Светлый фон

В знак своего хорошего расположения Цезарь, которому покойный царь был должен семнадцать миллионов пятьсот тысяч драхм, скостил юным царственным особам семь миллионов, но объявил, что оставшиеся десять миллионов пятьсот драхм ему нужны, и потребовал, чтобы они были ему возвращены.

Цезарь ожидал ответа на его предложение, сделанное Птолемею и Клеопатре, когда ему сообщили, что один человек просит позволения преподнести ему в знак почтения ковер, какого, как он утверждал, Цезарь никогда не видел.

Цезарь приказал впустить этого человека, желавшего поговорить с ним. Тот и в самом деле вошел, неся на плече свернутый ковер, и положил его к ногам Цезаря. Ковер был перетянут ремешком. Человек распустил ремешок, ковер развернулся сам собой, и Цезарь увидел, как из ковра вышла женщина. Это была Клеопатра.

Сознавая свою власть над мужчинами, которую ей уже довелось испытать, в частности, на юном Сексте Помпее, она сразу, как только узнала о прибытии Цезаря, бросилась на корабль в сопровождении одного только сицилийца Аполлодора, которого она считала своим лучшим другом, и к девяти часам вечера уже была около дворца.

Не надеясь попасть внутрь, не будучи узнанной, она велела Аполлодору завернуть ее в ковер и пронести, таким образом, к Цезарю.

Этот поступок царевны покорил победителя Фарсальской битвы.

Клеопатру нельзя было в точном смысле слова назвать красавицей; она была больше, чем красива: она была очаровательна. Она была небольшого роста, но прелестно сложена; да и в самом деле, она не могла иметь большой рост, раз ее можно было завернуть в ковер. Она была сама грация, само кокетство, сама душа; она говорила на латыни, на греческом, на египетском, на языках Сирии и Азии; она взяла от Востока привычку к щедрости, которая привязывала к ней тех, кто ее видел, цепями из золота и бриллиантов; наконец, это было живое воплощение сказки о Сирене.

Надо полагать, она не заставила Цезаря долго томиться; поскольку, когда на следующий день прибыл Птолемей, «он заметил, – говорит Дион Кассий, – по некоторым вольностям Цезаря с его сестрой, что его дело пропащее».

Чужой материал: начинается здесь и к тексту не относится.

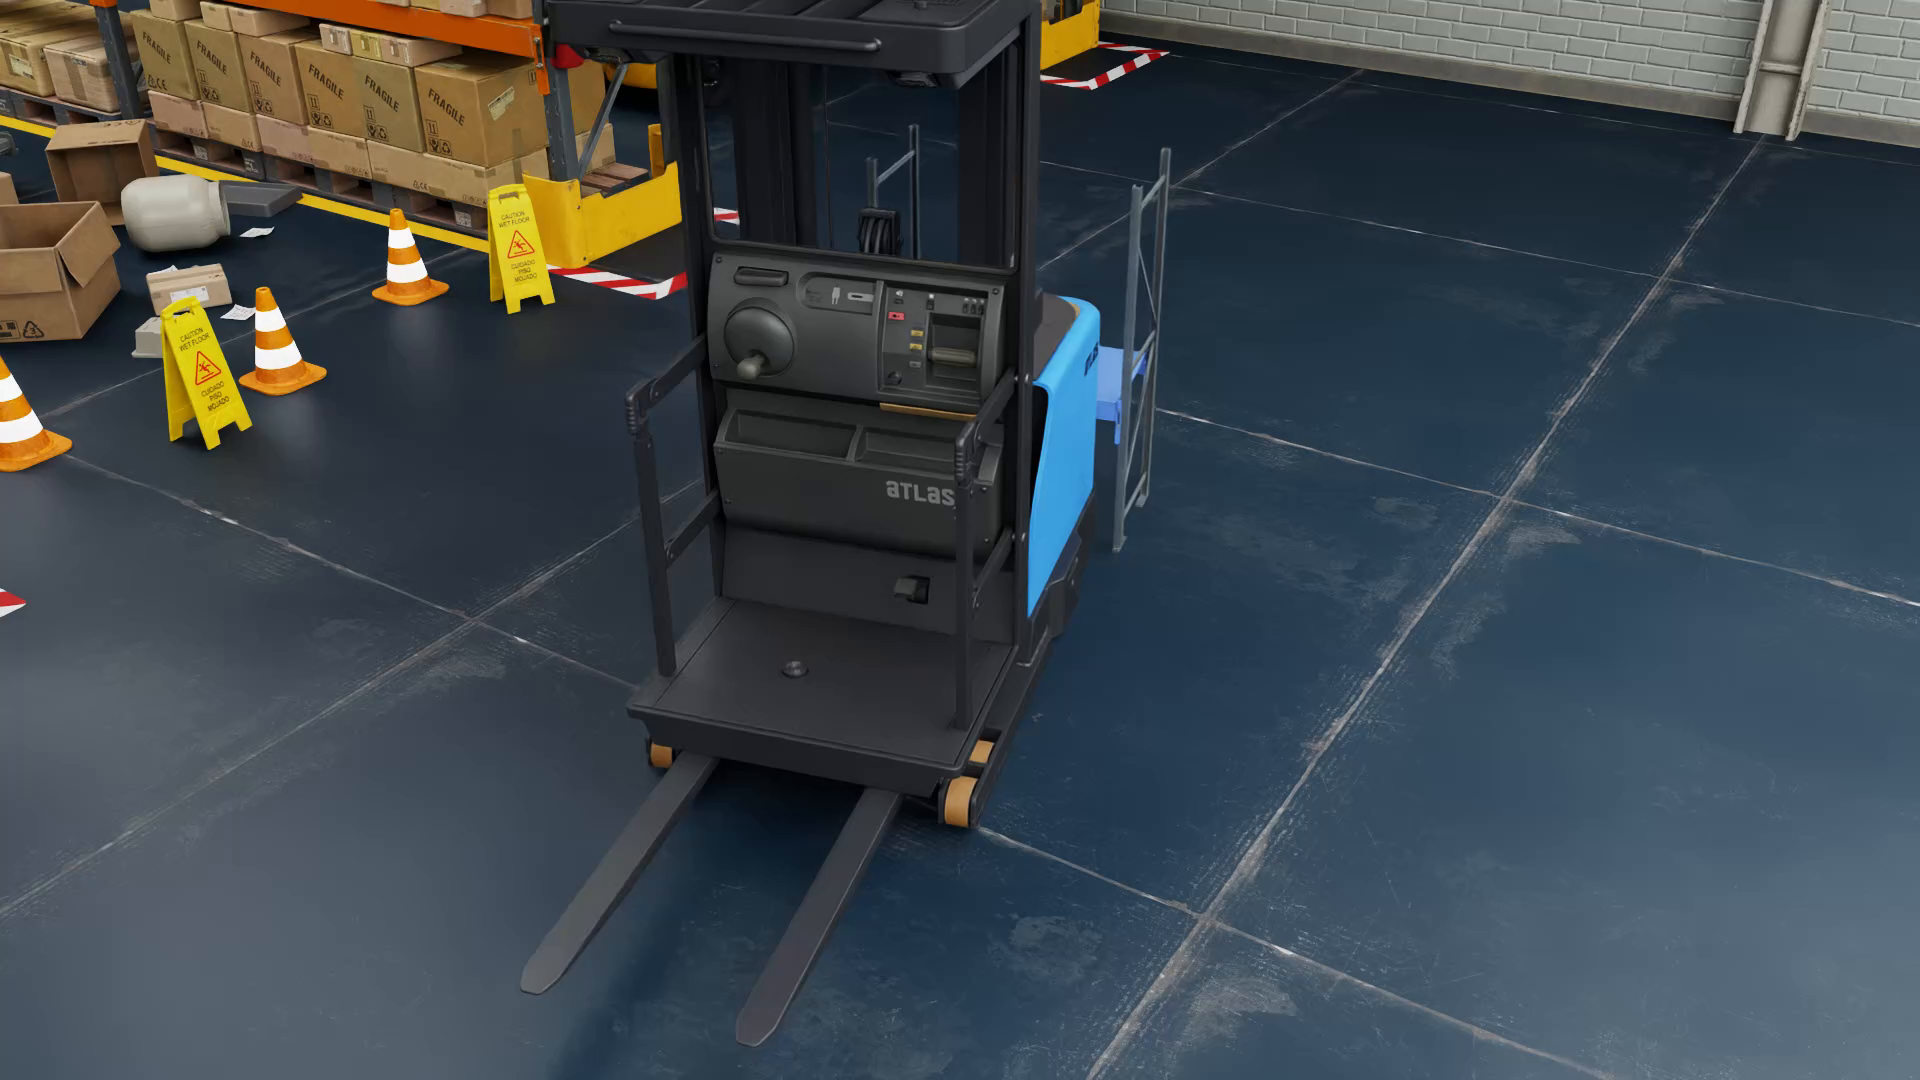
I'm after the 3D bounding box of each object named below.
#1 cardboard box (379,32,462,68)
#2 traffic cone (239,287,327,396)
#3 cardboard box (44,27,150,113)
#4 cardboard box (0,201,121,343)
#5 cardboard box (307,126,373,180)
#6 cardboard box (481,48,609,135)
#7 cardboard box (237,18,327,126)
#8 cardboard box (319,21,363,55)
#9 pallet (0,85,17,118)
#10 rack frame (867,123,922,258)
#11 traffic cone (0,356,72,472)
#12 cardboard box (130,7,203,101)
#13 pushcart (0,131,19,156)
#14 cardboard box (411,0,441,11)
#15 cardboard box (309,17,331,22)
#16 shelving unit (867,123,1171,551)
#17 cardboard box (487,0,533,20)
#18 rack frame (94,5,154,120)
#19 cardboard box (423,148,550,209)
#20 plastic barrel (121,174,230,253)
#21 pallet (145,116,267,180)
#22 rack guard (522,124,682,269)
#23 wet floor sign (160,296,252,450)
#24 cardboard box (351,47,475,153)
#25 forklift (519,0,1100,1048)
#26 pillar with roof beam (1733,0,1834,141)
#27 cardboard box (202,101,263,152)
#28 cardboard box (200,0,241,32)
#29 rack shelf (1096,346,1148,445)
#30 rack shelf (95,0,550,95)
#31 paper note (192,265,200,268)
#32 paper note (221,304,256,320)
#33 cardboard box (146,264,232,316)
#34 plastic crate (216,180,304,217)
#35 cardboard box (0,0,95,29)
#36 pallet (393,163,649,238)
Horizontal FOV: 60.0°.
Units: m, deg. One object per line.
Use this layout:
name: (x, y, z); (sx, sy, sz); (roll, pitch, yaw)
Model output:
cardboard box: (-3.108, -2.855, 9.590); (0.250, 0.149, 0.380); (19, 35, 29)
traffic cone: (-3.296, -0.988, 7.984); (0.334, 0.463, 0.336); (18, 35, 27)
cardboard box: (-5.777, -3.341, 11.691); (0.625, 0.372, 0.950); (18, 35, 28)
cardboard box: (-4.777, -1.396, 8.643); (0.637, 0.503, 0.797); (-4, 30, -7)
cardboard box: (-3.652, -2.459, 10.301); (0.500, 0.250, 0.500); (16, 34, 26)
cardboard box: (-2.500, -2.742, 10.041); (0.500, 0.500, 0.500); (16, 34, 26)
cardboard box: (-4.078, -2.922, 10.349); (0.500, 0.500, 0.500); (20, 36, 30)
cardboard box: (-3.541, -2.995, 9.830); (0.250, 0.149, 0.380); (19, 35, 29)
pallet: (-7.029, -3.485, 12.515); (1.213, 0.211, 1.003); (18, 35, 27)
rack frame: (-0.254, -0.891, 6.790); (0.032, 1.500, 0.500); (10, 32, 16)
traffic cone: (-4.185, -0.597, 7.313); (0.334, 0.463, 0.336); (18, 35, 27)
cardboard box: (-4.975, -3.200, 10.826); (0.500, 0.500, 0.500); (19, 35, 30)
pushcart: (-6.501, -2.036, 9.866); (0.936, 0.377, 1.648); (6, 31, 10)
cardboard box: (-2.854, -3.083, 9.306); (0.250, 0.149, 0.380); (17, 34, 27)
cardboard box: (-3.823, -3.157, 10.753); (0.500, 0.500, 0.500); (20, 36, 30)
shelving unit: (0.227, -0.808, 6.647); (1.048, 1.500, 0.538); (10, 32, 16)
cardboard box: (-2.374, -2.984, 9.138); (0.250, 0.149, 0.380); (19, 35, 29)
rack frame: (-5.332, -4.155, 10.896); (0.127, 3.000, 1.000); (18, 35, 27)
cardboard box: (-2.792, -2.186, 9.832); (0.500, 0.250, 0.500); (17, 34, 27)
plastic barrel: (-4.498, -1.878, 9.549); (0.512, 0.421, 0.421); (-9, 32, -15)
pallet: (-4.744, -2.786, 11.316); (1.213, 0.211, 1.003); (18, 35, 27)
rack guard: (-2.008, -2.024, 9.724); (0.348, 0.500, 1.175); (18, 35, 27)
wet floor sign: (-3.413, -0.764, 7.420); (0.232, 0.644, 0.267); (12, 32, 19)
cardboard box: (-3.205, -2.643, 9.872); (0.500, 0.500, 0.500); (19, 35, 29)
forklift: (-0.384, -0.589, 4.851); (1.130, 2.935, 3.031); (9, 31, 15)
pillar with roof beam: (3.375, -4.921, 6.255); (0.400, 9.000, 9.100); (18, 35, 27)
cardboard box: (-4.517, -2.738, 10.778); (0.500, 0.250, 0.500); (20, 36, 30)
cardboard box: (-4.465, -3.284, 10.326); (0.250, 0.149, 0.380); (19, 35, 29)
rack shelf: (0.227, -0.653, 6.738); (1.000, 0.185, 0.538); (10, 32, 16)
rack shelf: (-3.638, -3.309, 10.159); (4.000, 0.370, 1.077); (18, 35, 27)
paper note: (-4.277, -1.531, 9.364); (0.123, 0.001, 0.032); (18, 35, 27)
paper note: (-3.803, -1.205, 8.785); (0.142, 0.019, 0.148); (6, 31, 10)
cardboard box: (-4.127, -1.341, 8.901); (0.380, 0.149, 0.250); (-15, 33, -24)
plastic crate: (-4.438, -2.124, 10.311); (0.583, 0.080, 0.402); (6, 31, 10)
cardboard box: (-6.978, -3.718, 12.337); (0.625, 0.372, 0.950); (19, 35, 29)
pallet: (-2.677, -2.132, 10.196); (1.213, 0.211, 1.003); (18, 35, 27)

Однако юный лис схитрил; он притворился, что ничего не замечает, но в первый же подходящий момент он исчез, покинул дворец и принялся бегать по улицам Александрии с криком, что его предали. Заслышав эти крики юного царя, народ взялся за оружие.

Потин, со своей стороны, отправил послание Ахилле, который командовал армией в Пелусии, приглашая его выступить в поход на Александрию.

Египетская армия состояла из двадцати пяти тысяч человек, причем не египтян: если бы так, подобная армия была бы для Цезаря просто шуткой! но она была образована из остатков армии Габиния, – иначе говоря, из римских ветеранов, который привыкли к этой беспутной александрийской жизни, которые нашли себе там жен, и которые, сохранив доблесть римлян, приобрели к ней еще и повадки Востока; – из киликийских пиратов, остатков тех, которых когда-то разметал Помпей; и, наконец, из беглецов и изгнанников.